チンギス・ハーンの誕生・ユーラシア大陸のほぼ全体の制覇から、モンゴル人民革命党一党独裁の放棄までを描く大叙事詩である。本著で一貫しているテーマは「モンゴルは世界を創った」である。
「インドを創ったのが、モンゴル人のムガル帝国であり、トルコのもとになったオスマン帝国が、アナトリアのモンゴル駐屯軍が発展したものであり、ロシアが(チンギス・ハーンの息子ジョチを始祖とする)ジョチ家の白いオルドの後継者である・・・中央アジアトルコ語を話すイスラム教の国々が、やはりジョチ家の後裔である・・・モンゴル帝国は、東は韓半島・中国から、西は地中海に至るまでの、ほとんどすべての国々を生み出した」「明朝の中国は、昔の唐・宋の時代の中国ではなく、モンゴル化した中国であった。明朝の制度は、すべてがモンゴル式であった」とある。中国で麺を食べる習慣も、明朝時代に始まったとのこと。

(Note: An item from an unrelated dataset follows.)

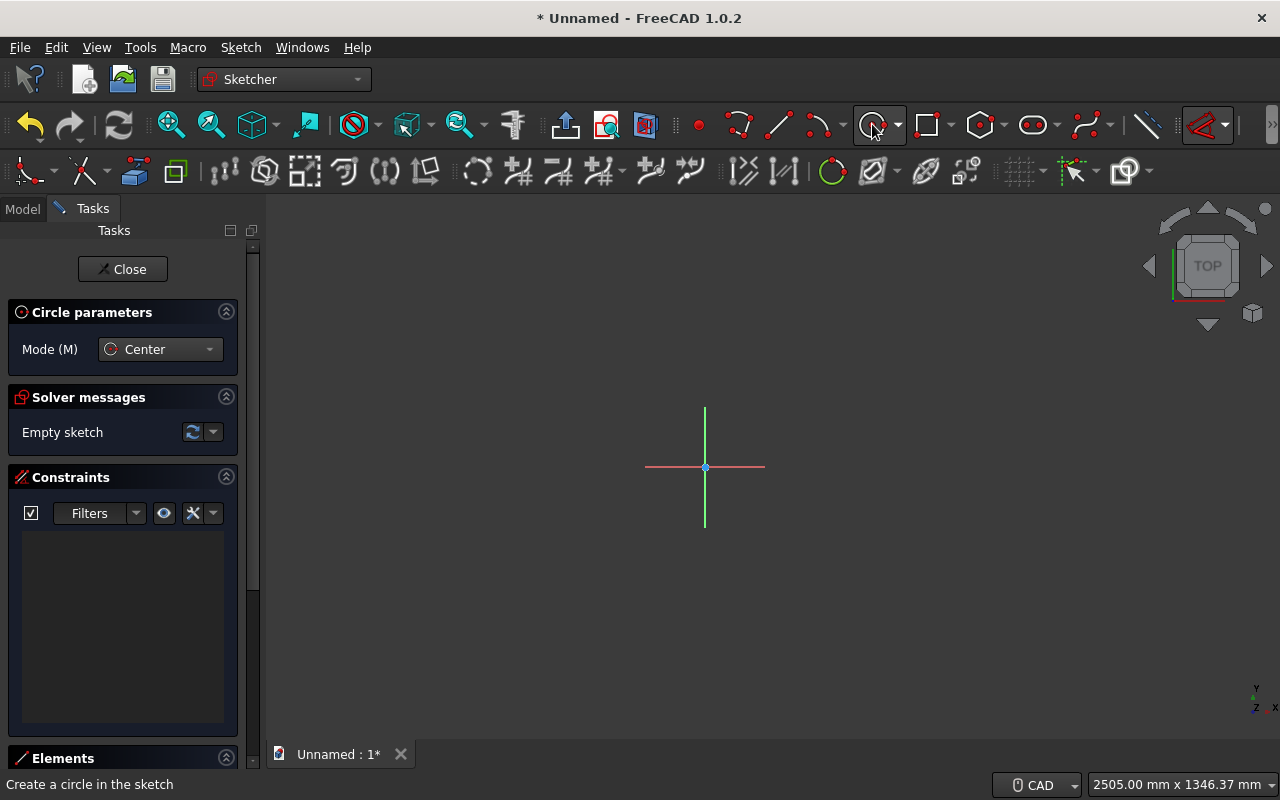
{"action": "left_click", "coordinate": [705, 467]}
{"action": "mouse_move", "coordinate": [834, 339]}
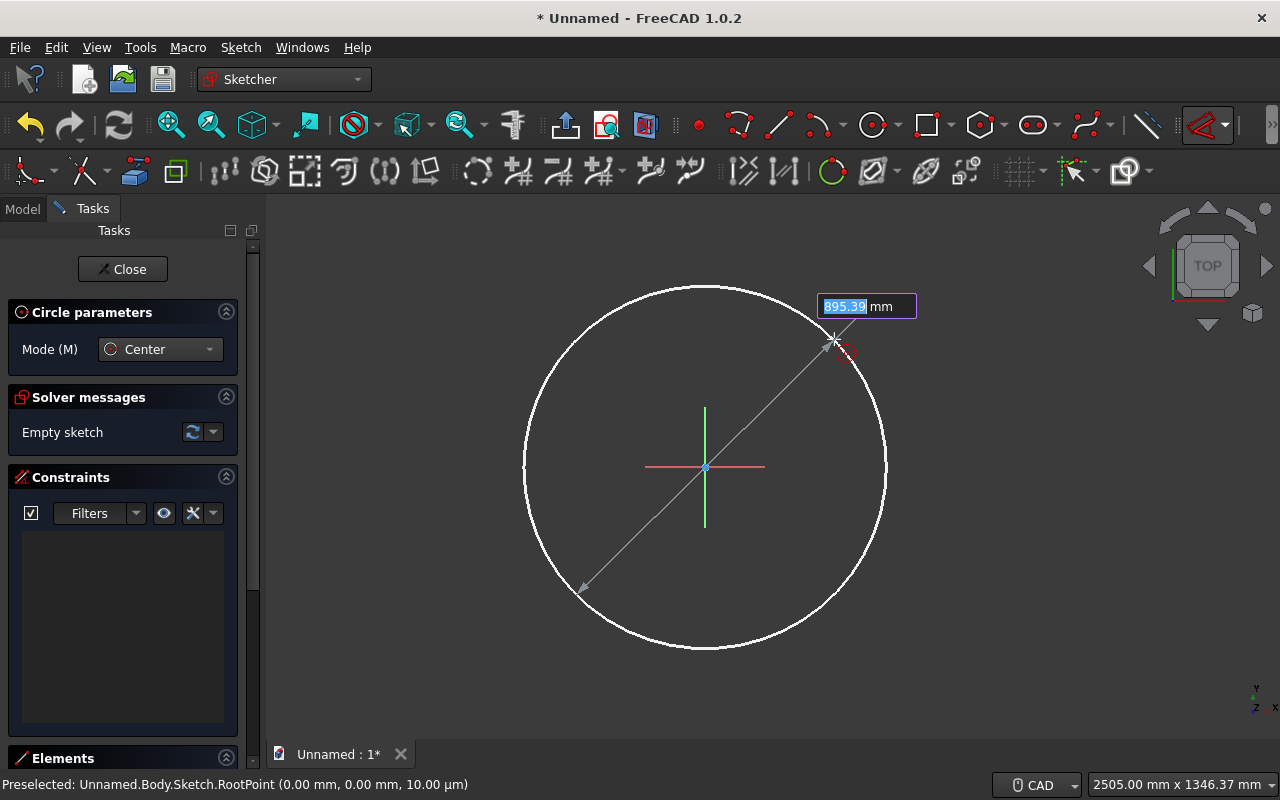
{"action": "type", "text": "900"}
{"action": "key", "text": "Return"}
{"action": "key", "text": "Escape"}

西尾幹二氏が『国民の歴史』で「世界史はモンゴル帝国から始まった」と述べているが、まさによく実感できる。
本著で残念なのは、コンパクトに色々なことを詰め込みすぎていて、私のようなモンゴル史初心者には大変読みづらいことである。チンギス・ハーンの子孫たちは、離合集散し、戦い・暗殺を繰り返した。多くの登場人物が、権謀術数をこらして、権限を握ったり、政権から追いやられたり、裏切られたりする姿を描くのはよいのだが、同じような歴史的事件が描かれているし、名前は覚えられないし、すべてを細かく読むには、大変な気力が必要だ。中公新書の「物語○○の歴史」シリーズのように、テーマを絞った本にした方が、碩学な方には不満だろうが、初心者にはとっつきやすいのではなかろうか。ただし、通史としての価値を傷つけるものではないことを強調しておきたい。